Em Congonhas, Flávio Cunha estudou na então escola estadual José Cardoso e no Colégio Nossa Senhora da Piedade, onde cursou o Ensino Fundamental. Depois do quê se mudou para Belo Horizonte, para dar sequência aos estudos. Lá formou-se em Ciências Econômicas pela UFMG, fez mestrado na Fundação Getúlio Vargas, no Rio de Janeiro, e doutorado na Universidade de Chicago.
Durante visita a sua cidade natal, em dezembro, Flávio Cunha, acompanhado do irmão e procurador municipal, Juliano Resende Cunha, reuniu-se com o prefeito Zelinho, o secretário de Desenvolvimento e Assistência Social, Ronaldo Assunção, e a coordenadora do Cras Alvorada, Laila Ferreira, como parte do seu trabalho de conhecimento e análise da aplicação da política de assistência social no município. Ele esteve ainda na escola municipal Rosália Andrade da Glória, na creche municipal Maria Anunciação dos Anjos, também do Alvorada, e no Complexo de Saúde.
Em um primeiro momento, este projeto será desenvolvido em apenas quatro municípios brasileiros, entre os quais dois no Nordeste, Itaboraí no Rio de Janeiro. Em 2021, o projeto pode ser expandido par 15 municípios. Em 2022, para 100, depois do quê será possível replicá-lo para todo o País, caso todas as etapas anteriores obtenham êxito. A equipe de trabalho está sendo formada por profissionais da Universidade Rice e de diversas áreas do conhecimento Brasil a fora.
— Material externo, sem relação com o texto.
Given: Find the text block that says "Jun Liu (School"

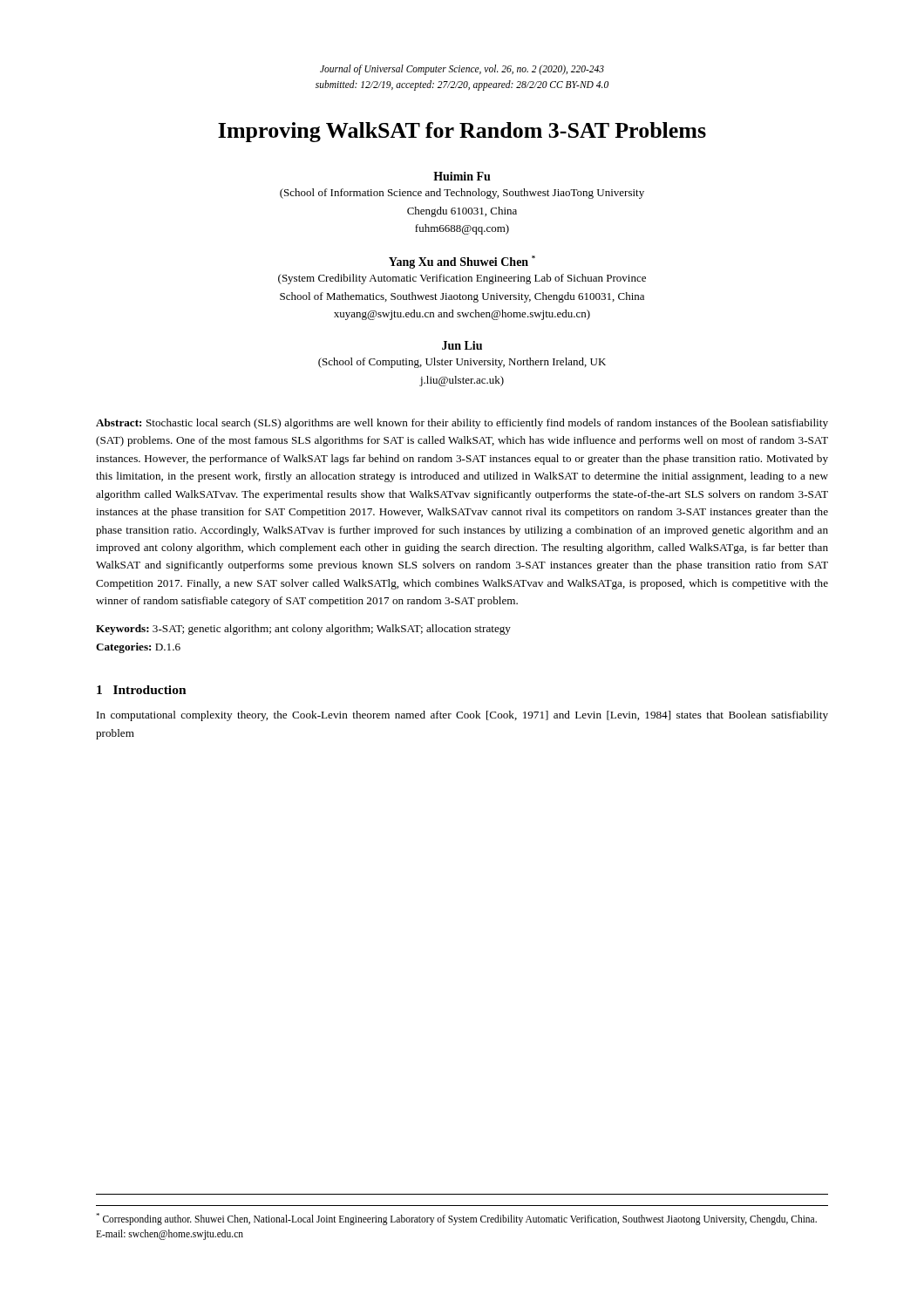Looking at the screenshot, I should click(462, 365).
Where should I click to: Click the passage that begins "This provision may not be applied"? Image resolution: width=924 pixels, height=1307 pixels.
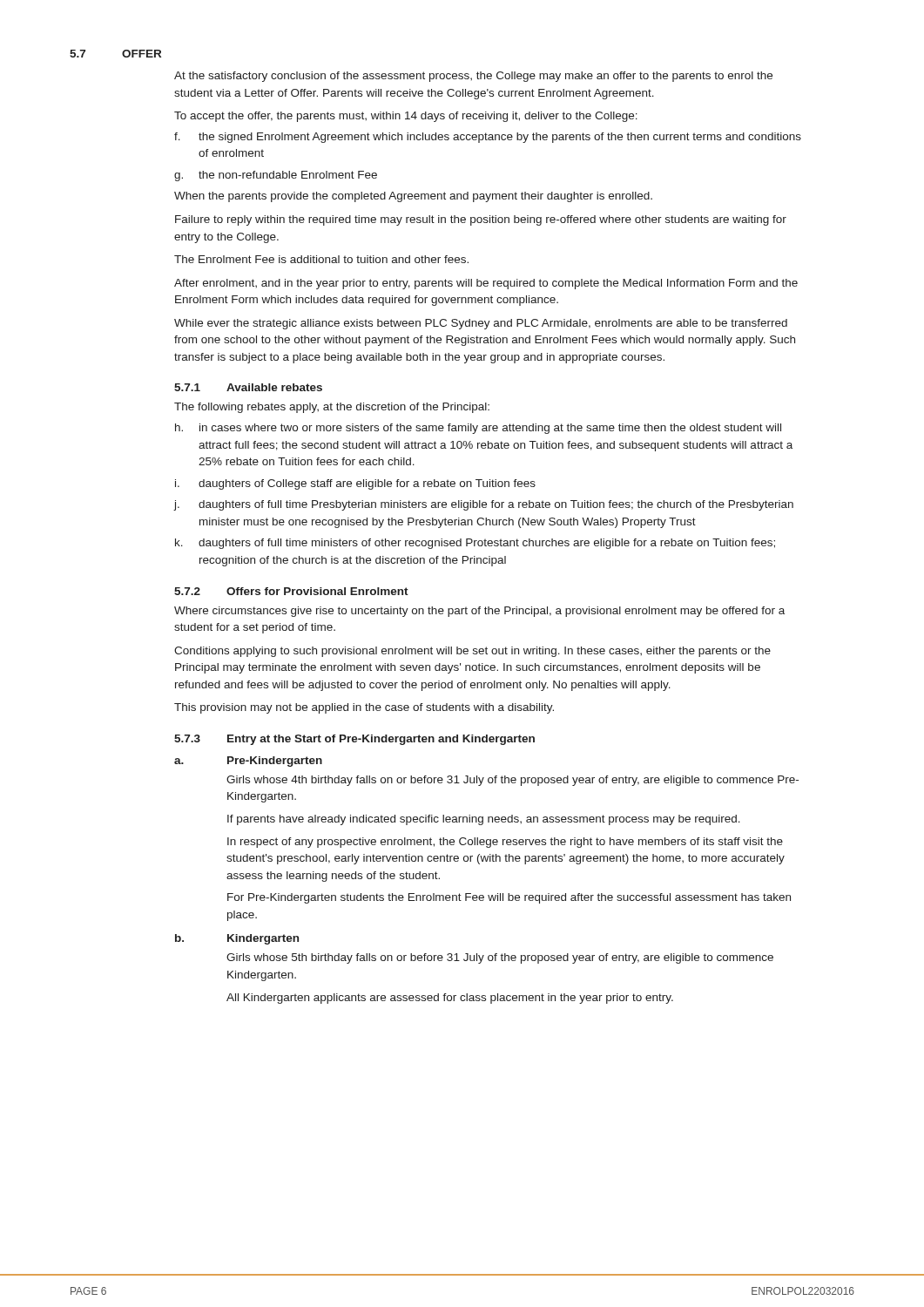coord(365,707)

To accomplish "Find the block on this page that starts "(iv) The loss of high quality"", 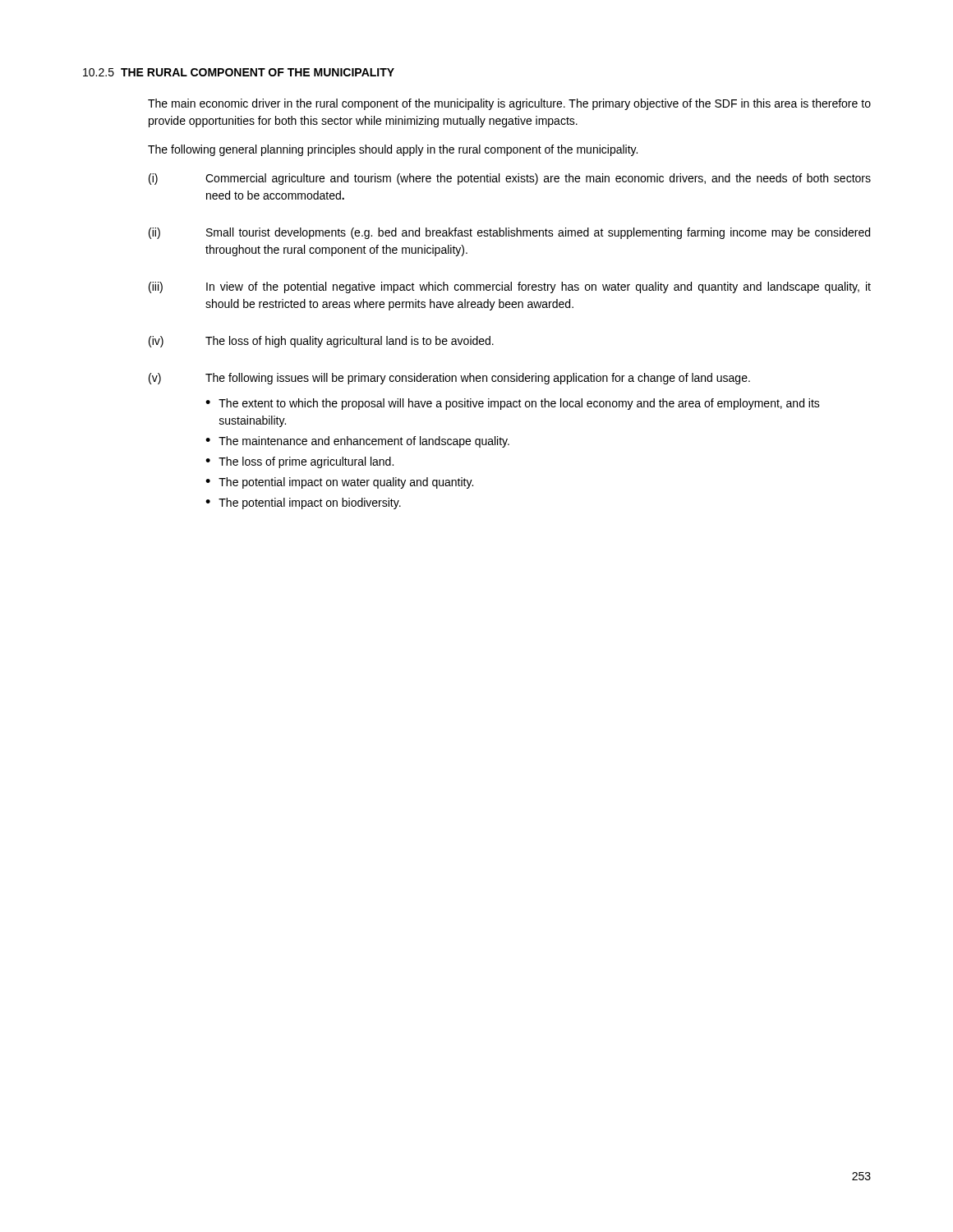I will coord(321,342).

Flávio Cunha diz que os serviços de assistência social prestados em Congonhas estão muito à frente na média nacional, mas que ainda têm muito o que avançar. “Nos Cras que já visitei pelo Brasil, quando encontramos um assistente social e um psicólogo é muito. Em alguns lugares, encontrei senhoras da comunidade que atuam como voluntárias, sem nenhum apoio, que conseguem atender somente alguma urgência. Em Congonhas, vimos que há nos Cras equipes completas que contam com psicólogos e assistentes sociais. Em poucos lugares, vi profissional com conhecimento tão grande de sua área de atuação e interesse pelo tema como a psicóloga Laila Ferreira demonstrou ter. Também somente em Congonhas encontrei profissional que já participou de eventos nacionais de assistência social. Se esta fosse a realidade de todas as cidades, nosso trabalho seria mais fácil. Diante dos cenários que visitei no Brasil, a assistência social de Congonhas está bem posicionada, porém ainda distante do preceitua a legislação brasileira sobre a matéria”, assegura.
Para o pesquisador, a formação que transformará a vida do cidadão para melhor deve começar bem antes de a criança chegar à escola, o que geralmente não ocorre nesta e em outras partes do Mundo. “Este não é um problema só do Brasil, como é dos Estados Unidos também. Dedica-se pouca atenção à formação de capital humano, que se inicia antes de a criança chegar à escola. Por isso, vamos começar um processo de integração do Cras com Organizações da Sociedade Civil (OSC’s) da Assistência Social e desses com pré-escolas, como creches, e o atendimento à criança na rede de saúde. Um dos problemas é que, em muitos municípios, o Cras não recebe recursos dos governos Federal e/ou Estadual. O comum é a utilização da mão de obra temporária ou voluntária e não contar com muito apoio do Governo Federal para a área técnica. Assim, em serviços de convivência e fortalecimento de vínculos, as experiências são completamente diferentes entre um município e outro. As ECC’s muitas vezes são vinculadas ao Cras, encontrei cadastro social que apontava que uma mesma família era atendia por dois psicólogos, o que configura a aplicação não necessariamente eficiente de recursos da assistência social. Então vemos muitas diferenças no atendimento dos CRAS no Brasil”, avalia.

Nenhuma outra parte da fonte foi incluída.